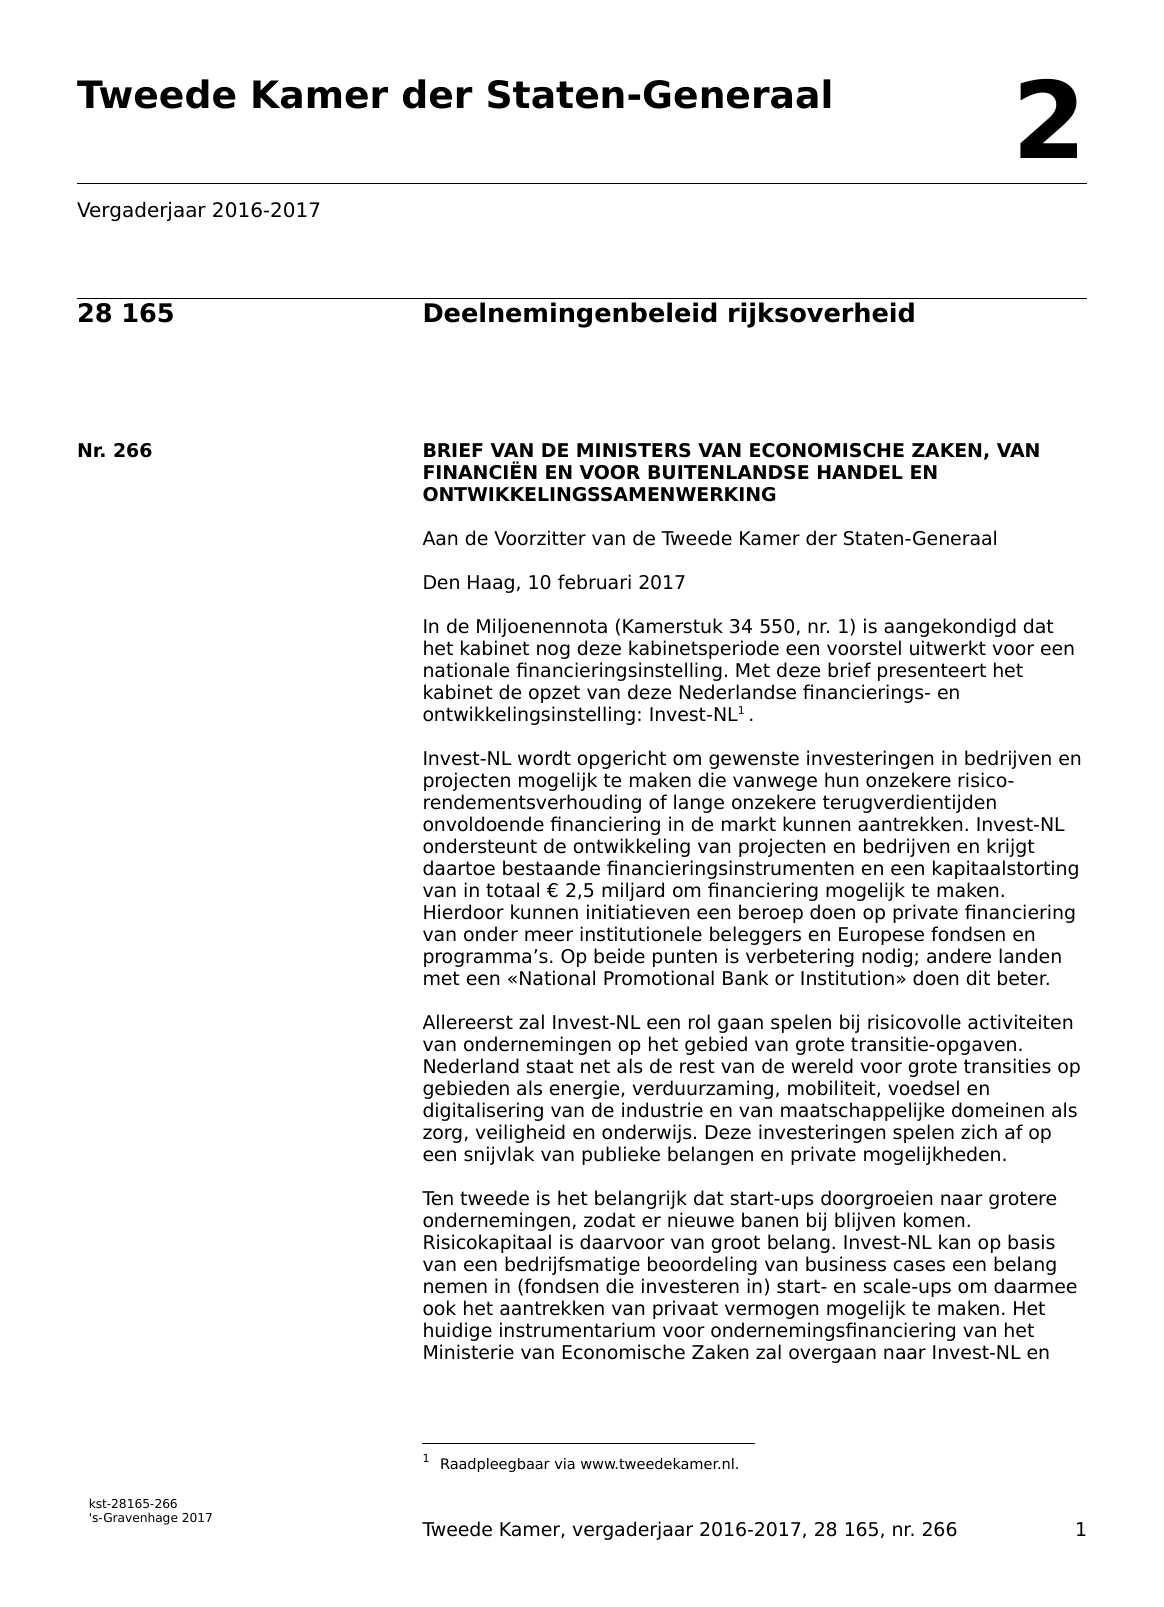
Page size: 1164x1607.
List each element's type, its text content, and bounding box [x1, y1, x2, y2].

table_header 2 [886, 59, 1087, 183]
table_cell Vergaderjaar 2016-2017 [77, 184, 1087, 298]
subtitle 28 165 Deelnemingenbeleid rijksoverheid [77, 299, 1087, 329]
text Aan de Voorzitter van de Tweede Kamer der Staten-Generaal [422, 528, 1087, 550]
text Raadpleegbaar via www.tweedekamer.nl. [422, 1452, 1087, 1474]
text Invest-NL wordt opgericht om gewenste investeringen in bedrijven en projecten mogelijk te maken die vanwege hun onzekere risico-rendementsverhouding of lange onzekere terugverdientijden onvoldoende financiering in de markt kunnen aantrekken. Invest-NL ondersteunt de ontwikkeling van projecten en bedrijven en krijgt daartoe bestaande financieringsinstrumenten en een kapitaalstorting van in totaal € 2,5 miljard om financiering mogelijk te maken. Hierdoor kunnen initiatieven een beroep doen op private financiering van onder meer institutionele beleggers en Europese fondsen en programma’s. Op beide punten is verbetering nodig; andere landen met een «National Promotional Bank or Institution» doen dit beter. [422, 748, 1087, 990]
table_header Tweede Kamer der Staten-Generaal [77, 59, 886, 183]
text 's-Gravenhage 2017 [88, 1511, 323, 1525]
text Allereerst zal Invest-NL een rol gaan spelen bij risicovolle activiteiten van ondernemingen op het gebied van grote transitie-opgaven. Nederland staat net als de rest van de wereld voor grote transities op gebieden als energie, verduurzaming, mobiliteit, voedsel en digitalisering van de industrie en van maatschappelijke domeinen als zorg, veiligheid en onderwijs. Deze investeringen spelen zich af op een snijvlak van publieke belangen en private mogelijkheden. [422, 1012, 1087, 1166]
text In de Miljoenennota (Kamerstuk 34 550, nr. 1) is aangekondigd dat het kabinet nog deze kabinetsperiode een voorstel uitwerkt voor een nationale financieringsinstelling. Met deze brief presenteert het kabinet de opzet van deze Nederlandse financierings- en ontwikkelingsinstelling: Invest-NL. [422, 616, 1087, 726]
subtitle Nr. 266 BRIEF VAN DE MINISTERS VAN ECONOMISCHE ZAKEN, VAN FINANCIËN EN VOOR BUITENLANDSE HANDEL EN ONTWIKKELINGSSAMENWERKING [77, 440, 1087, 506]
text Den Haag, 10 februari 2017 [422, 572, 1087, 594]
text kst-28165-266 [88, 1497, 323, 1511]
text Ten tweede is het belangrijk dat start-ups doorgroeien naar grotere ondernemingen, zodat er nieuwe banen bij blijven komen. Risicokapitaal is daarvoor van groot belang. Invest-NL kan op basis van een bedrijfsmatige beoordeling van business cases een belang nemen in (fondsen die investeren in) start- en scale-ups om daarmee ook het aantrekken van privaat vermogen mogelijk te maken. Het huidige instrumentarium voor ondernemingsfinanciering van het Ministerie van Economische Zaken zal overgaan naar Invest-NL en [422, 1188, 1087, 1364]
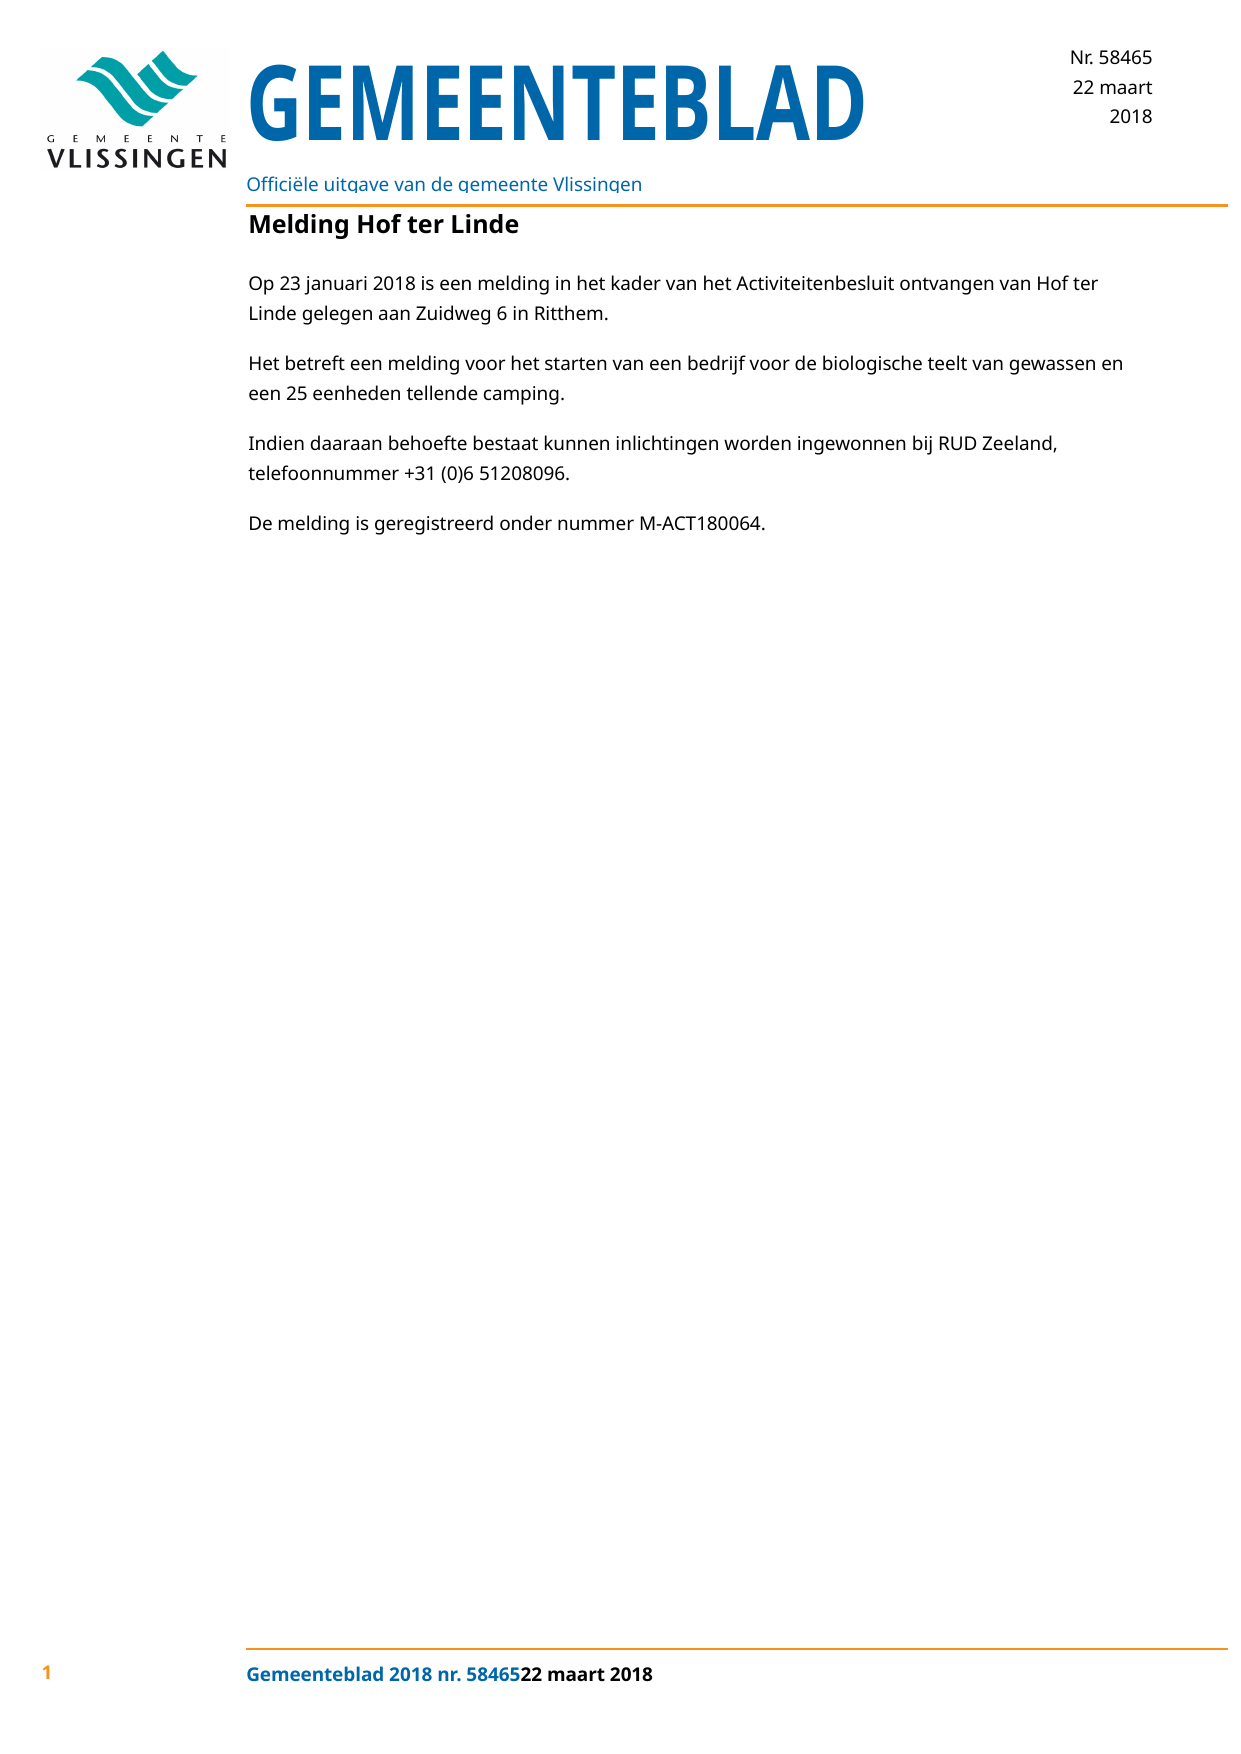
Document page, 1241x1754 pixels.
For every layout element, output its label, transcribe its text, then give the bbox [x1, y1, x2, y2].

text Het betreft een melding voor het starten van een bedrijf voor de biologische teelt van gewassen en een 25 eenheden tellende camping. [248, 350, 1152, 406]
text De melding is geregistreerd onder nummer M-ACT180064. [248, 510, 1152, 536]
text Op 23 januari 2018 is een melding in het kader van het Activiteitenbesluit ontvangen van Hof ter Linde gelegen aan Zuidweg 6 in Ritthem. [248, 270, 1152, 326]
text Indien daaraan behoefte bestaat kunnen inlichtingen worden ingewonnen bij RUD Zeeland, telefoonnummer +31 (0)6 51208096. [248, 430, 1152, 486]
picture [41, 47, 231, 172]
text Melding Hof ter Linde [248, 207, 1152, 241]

WORK TO BE COMPLETED ->
How would the lines above read from the one with "text kst-28165-266 [88, 1497, 323, 1511]" to the one with "For every layout", inclusive, with no pictures? Write them out exactly.

WRITTEN ANSWER ->
text kst-28165-266 [88, 1497, 323, 1511]
text Ten tweede is het belangrijk dat start-ups doorgroeien naar grotere ondernemingen, zodat er nieuwe banen bij blijven komen. Risicokapitaal is daarvoor van groot belang. Invest-NL kan op basis van een bedrijfsmatige beoordeling van business cases een belang nemen in (fondsen die investeren in) start- en scale-ups om daarmee ook het aantrekken van privaat vermogen mogelijk te maken. Het huidige instrumentarium voor ondernemingsfinanciering van het Ministerie van Economische Zaken zal overgaan naar Invest-NL en [422, 1188, 1087, 1364]
Document page, 1241x1754 pixels.
For every layout element, output its label, transcribe its text, then give the bbox [x1, y1, x2, y2].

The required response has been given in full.